Working data =
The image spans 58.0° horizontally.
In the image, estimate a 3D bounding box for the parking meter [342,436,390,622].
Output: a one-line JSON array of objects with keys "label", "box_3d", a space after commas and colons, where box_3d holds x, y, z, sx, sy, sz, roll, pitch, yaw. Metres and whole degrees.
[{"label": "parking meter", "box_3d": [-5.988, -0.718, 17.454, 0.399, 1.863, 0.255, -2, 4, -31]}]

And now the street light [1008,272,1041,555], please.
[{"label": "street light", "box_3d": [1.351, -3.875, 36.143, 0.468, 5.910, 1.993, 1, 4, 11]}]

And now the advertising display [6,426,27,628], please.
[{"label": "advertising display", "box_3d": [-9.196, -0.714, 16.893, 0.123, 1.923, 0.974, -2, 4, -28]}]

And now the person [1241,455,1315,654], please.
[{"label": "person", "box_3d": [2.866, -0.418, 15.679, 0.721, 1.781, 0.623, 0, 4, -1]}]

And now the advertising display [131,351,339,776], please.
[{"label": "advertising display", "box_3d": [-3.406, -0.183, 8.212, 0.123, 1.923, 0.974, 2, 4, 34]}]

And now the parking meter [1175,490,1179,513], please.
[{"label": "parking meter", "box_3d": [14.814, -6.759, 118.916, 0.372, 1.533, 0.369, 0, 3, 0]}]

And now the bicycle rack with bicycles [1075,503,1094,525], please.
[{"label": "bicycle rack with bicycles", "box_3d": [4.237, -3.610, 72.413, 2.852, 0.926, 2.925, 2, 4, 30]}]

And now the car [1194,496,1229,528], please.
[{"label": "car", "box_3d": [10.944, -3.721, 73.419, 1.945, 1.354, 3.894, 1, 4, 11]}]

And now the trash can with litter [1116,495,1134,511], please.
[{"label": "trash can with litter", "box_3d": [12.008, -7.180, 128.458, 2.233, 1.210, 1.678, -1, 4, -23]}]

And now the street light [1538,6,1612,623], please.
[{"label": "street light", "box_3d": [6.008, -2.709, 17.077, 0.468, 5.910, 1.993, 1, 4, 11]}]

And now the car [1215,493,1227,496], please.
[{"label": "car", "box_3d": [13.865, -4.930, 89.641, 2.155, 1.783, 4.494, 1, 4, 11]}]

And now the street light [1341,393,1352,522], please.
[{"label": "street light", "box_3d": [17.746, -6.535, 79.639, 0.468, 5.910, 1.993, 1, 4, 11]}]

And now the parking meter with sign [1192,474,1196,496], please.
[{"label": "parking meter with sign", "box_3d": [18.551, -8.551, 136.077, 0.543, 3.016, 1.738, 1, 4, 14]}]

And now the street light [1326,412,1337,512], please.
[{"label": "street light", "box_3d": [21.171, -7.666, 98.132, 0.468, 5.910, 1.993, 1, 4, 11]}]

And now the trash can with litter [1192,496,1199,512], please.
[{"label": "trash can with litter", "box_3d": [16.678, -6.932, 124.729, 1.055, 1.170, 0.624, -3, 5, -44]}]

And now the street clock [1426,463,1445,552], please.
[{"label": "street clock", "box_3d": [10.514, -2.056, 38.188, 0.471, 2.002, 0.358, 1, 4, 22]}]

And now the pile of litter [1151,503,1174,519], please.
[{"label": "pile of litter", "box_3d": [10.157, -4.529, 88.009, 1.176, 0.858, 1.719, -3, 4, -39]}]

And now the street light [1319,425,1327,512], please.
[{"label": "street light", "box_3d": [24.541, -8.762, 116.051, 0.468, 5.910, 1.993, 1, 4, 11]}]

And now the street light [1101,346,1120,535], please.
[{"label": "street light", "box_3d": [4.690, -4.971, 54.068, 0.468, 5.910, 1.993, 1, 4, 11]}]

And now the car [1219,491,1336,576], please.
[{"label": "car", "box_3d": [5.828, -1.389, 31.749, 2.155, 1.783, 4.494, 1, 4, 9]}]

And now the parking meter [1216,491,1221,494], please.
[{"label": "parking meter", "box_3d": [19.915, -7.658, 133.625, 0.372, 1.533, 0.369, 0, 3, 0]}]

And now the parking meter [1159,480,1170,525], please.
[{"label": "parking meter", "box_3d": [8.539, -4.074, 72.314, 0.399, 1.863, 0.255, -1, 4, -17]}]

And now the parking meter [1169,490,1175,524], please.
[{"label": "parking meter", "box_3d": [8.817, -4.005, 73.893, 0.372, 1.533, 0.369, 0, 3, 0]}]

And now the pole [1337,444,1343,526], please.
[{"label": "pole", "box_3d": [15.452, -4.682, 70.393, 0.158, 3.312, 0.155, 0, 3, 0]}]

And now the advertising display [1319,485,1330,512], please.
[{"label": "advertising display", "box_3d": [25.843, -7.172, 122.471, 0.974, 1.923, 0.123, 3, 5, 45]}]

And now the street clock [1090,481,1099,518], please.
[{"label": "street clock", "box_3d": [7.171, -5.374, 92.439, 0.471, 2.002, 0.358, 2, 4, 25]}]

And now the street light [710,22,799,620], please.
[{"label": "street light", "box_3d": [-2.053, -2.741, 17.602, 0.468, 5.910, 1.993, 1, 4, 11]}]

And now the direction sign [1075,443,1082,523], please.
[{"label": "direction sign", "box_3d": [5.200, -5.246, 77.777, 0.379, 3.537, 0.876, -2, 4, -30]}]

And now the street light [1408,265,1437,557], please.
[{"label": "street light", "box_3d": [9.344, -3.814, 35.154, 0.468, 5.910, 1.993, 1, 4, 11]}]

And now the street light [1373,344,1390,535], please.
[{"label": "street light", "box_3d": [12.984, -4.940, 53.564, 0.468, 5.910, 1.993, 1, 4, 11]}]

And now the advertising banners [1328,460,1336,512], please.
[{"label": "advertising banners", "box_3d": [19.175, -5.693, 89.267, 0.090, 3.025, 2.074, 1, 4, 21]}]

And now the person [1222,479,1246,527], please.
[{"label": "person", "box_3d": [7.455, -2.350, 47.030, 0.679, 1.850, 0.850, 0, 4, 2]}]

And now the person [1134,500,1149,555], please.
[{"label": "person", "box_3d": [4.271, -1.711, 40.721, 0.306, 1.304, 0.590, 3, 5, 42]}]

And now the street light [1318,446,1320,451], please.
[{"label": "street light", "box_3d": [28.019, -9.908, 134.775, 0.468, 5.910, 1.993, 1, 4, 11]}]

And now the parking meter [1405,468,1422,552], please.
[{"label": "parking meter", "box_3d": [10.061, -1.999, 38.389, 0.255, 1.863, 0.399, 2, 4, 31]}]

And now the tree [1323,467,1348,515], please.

Aim of the exercise =
Please print exactly the lines of the entries above, beginning with the line that contains "And now the parking meter [1405,468,1422,552], please." and ending with the last line.

Solution to this task =
And now the parking meter [1405,468,1422,552], please.
[{"label": "parking meter", "box_3d": [10.061, -1.999, 38.389, 0.255, 1.863, 0.399, 2, 4, 31]}]

And now the tree [1323,467,1348,515], please.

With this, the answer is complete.